Dataset items:
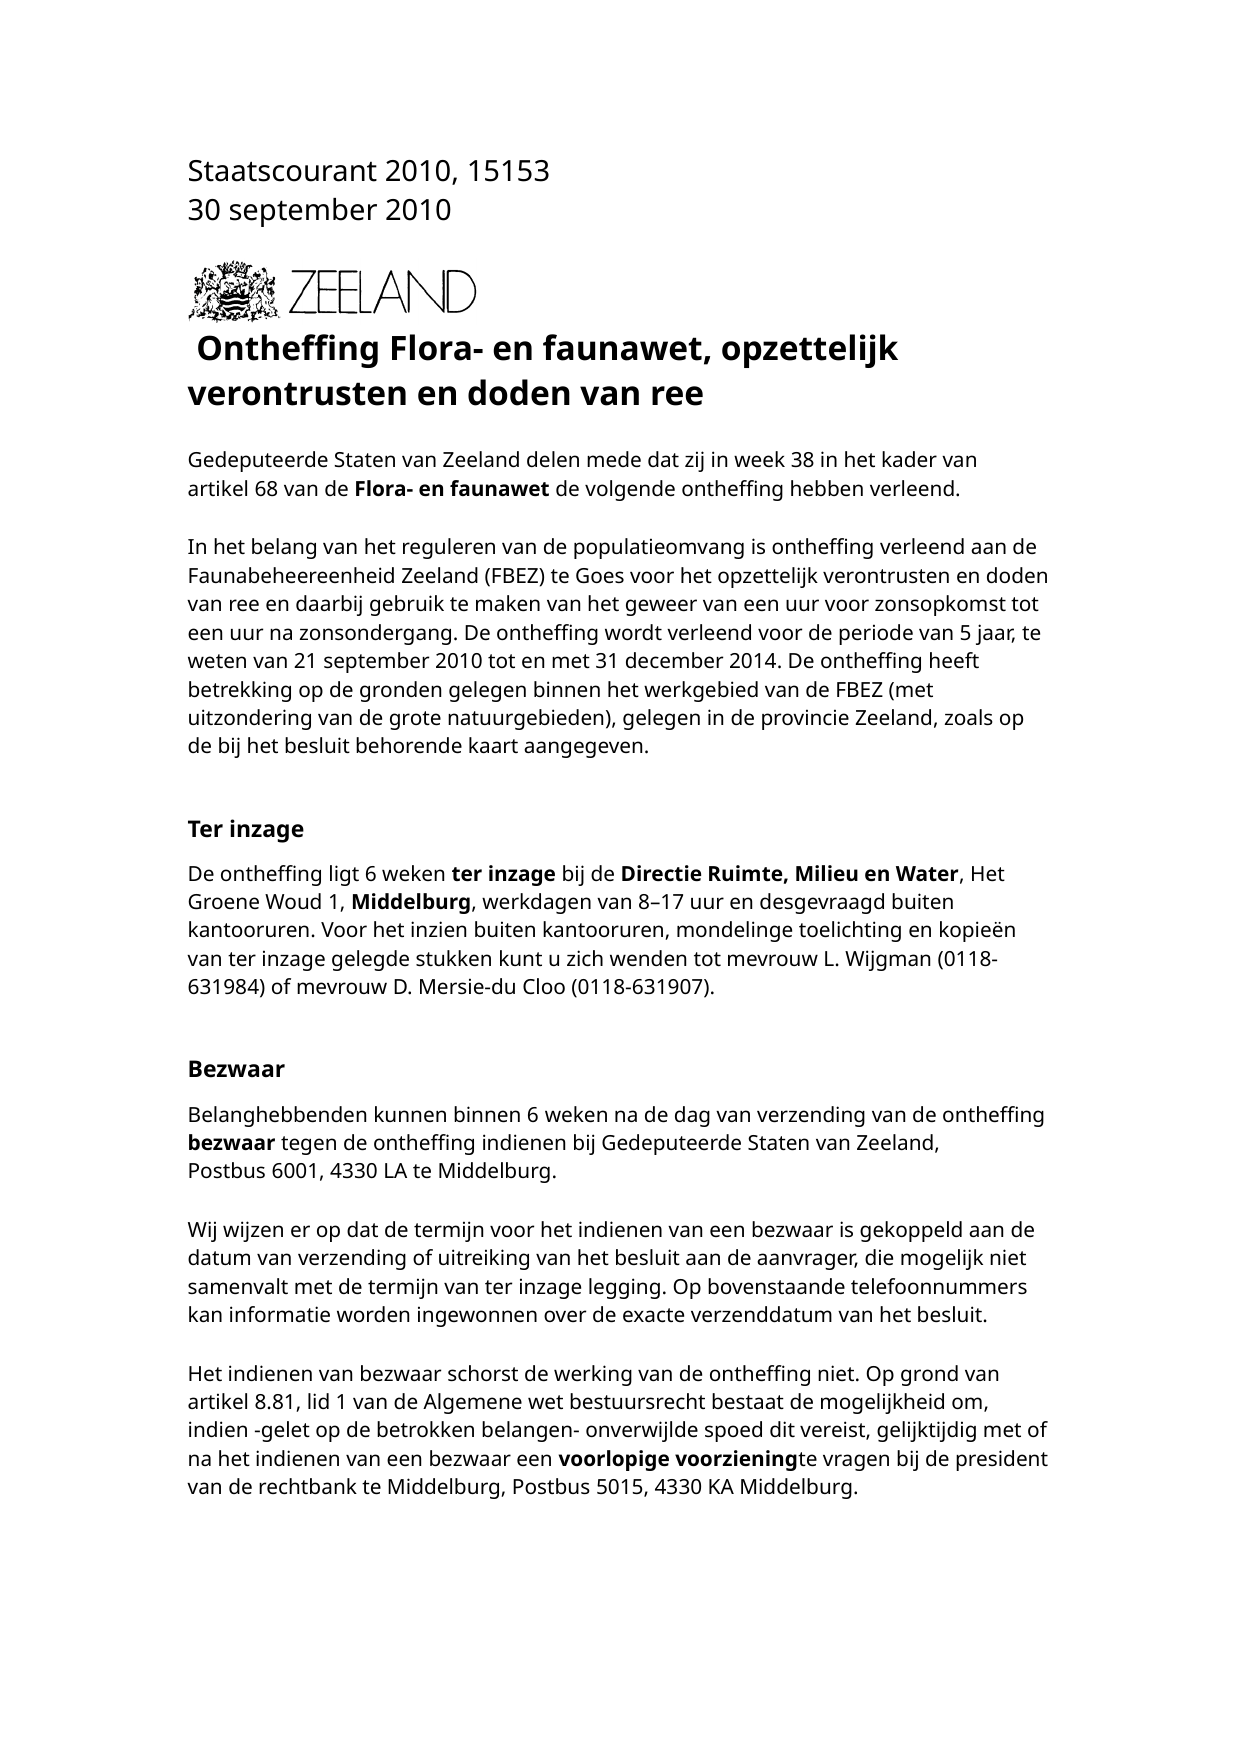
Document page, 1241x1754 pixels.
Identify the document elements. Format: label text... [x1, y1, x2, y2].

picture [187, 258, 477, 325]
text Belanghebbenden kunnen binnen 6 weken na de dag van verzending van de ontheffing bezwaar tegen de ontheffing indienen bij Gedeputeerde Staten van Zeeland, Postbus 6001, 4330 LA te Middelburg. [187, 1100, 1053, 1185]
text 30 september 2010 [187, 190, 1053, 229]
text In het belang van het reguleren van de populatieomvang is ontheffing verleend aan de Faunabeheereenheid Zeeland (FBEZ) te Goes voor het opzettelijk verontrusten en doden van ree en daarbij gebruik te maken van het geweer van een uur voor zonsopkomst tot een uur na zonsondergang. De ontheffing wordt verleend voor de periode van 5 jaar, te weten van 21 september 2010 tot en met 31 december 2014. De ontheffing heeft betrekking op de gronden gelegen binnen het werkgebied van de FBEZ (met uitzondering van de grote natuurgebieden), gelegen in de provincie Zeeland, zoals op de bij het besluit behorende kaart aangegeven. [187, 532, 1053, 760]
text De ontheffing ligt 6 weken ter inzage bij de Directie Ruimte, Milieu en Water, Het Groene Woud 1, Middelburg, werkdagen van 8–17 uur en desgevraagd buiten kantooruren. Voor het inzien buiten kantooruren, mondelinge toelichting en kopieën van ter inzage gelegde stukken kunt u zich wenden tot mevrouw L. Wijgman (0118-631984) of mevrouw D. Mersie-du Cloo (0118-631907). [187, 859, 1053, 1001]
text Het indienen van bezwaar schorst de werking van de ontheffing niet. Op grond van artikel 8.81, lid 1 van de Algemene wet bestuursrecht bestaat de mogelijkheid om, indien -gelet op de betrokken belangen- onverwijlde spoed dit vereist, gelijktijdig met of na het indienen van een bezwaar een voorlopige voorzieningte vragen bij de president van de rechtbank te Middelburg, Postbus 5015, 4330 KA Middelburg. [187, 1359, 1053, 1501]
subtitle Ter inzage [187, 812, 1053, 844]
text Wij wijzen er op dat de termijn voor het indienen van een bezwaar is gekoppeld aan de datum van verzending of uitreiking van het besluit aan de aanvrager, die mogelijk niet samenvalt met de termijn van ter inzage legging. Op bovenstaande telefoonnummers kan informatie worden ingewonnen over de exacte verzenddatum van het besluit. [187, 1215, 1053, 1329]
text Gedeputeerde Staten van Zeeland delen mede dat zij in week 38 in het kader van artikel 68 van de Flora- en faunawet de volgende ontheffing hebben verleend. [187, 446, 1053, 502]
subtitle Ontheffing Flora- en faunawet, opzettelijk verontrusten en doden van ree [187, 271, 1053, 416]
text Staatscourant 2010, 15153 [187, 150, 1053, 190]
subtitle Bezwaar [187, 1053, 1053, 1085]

• Directions:
Whenever a line of the records above contains the word "verontrusten", it counts toward the total; give that total alone.

• Response box:
2